Differential Expression Analysis of A6 Cells and Tissue of Origin, the Xenopus Kidney

Saturday, 14 February 2015
Exhibit Hall (San Jose Convention Center)
V. Bleu Knight, Biology, New Mexico State University, Las Cruces, NM
Cell lines are used as in vitro models for systems such as the kidney, but the extent to which they resemble the native tissue is often not well established. Similarities and differences between cell lines and tissues can be elucidated by evaluating gene expression with high throughput tools such as microarrays. Our laboratory frequently uses the A6 Xenopus laevis kidney cell line as a basis for developing imaging techniques, toxicity studies, and heterologous gene expression methods. We are interested in evaluating similarities and differences between the genetic profile of the A6 cell line and the organ of origin. To this end, we employed the Affymetrix GeneChip® Xenopus laevis Genome Array to evaluate gene expression based on intensity values assigned to probe set identifiers (PSIDs) on the microarray. The open source Database for Annotation, Visualization and Integrated Discovery (DAVID) was implemented to impart functional significance to annotated PSIDs meeting the criterion for differential expression (ǀfold changeǀ >1.5). The DAVID cluster terms were then curated into broader categories (for example, hemoglobin was classified under blood) in order to facilitate the classification of differentially expressed PSIDs.
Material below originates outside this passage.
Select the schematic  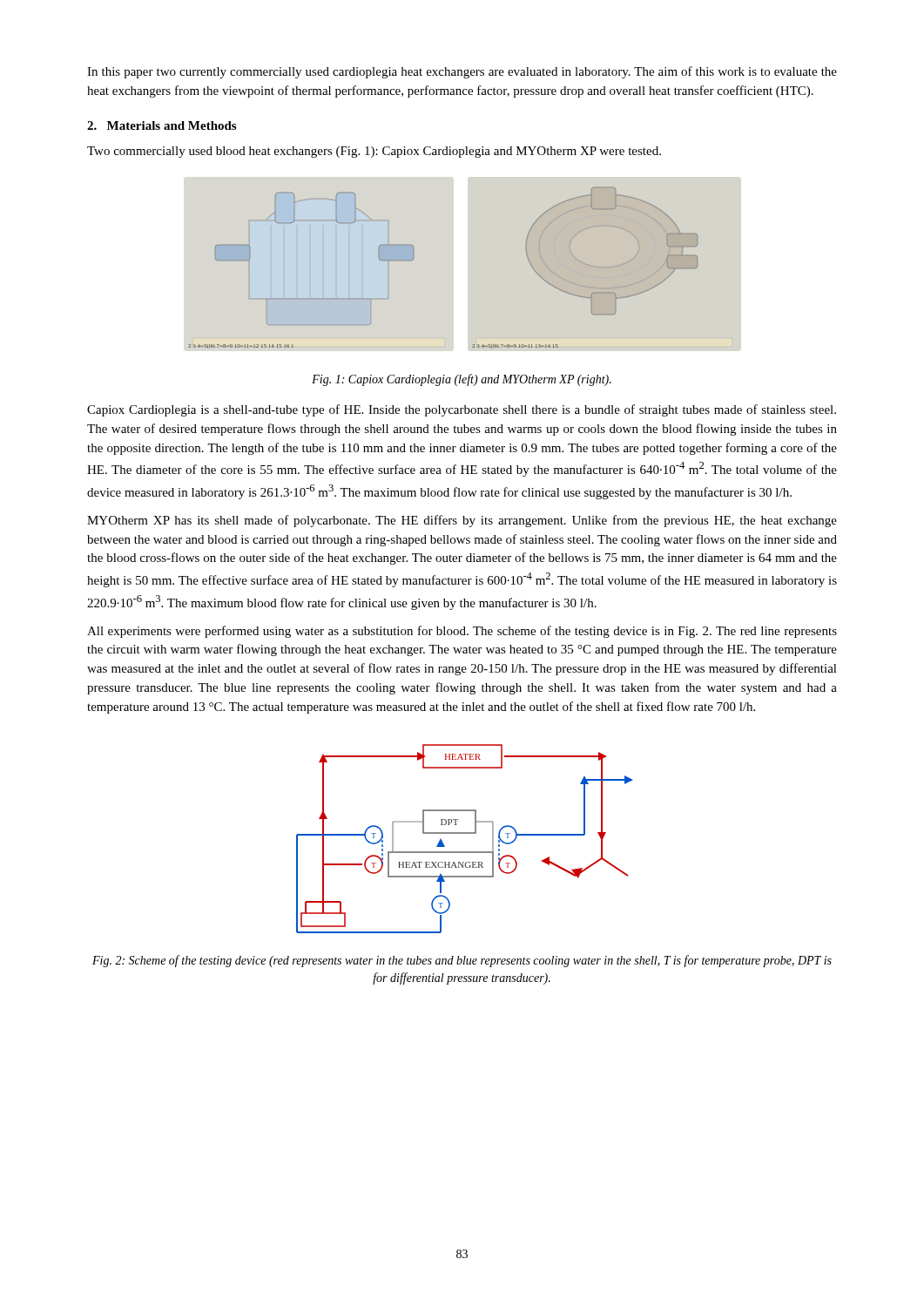[x=462, y=840]

As expected, the kidney tissue assumed higher intensity levels for PSIDs associated with organ function and whole-body homeostatic activity while cell cycle-related gene categories were predominant in the A6 cell line. Moreover, the prevalence of PSIDs lacking annotation was highlighted for PSIDs upregulated in the A6 cell line.  This characterization provides important insights affecting the utilization of the A6 cell line as an in vitro model for future heterologous gene expression methods, analysis of protein function, and cellular responses to chemical agents such as drugs and toxins. Supported by NIH P50-GM68762.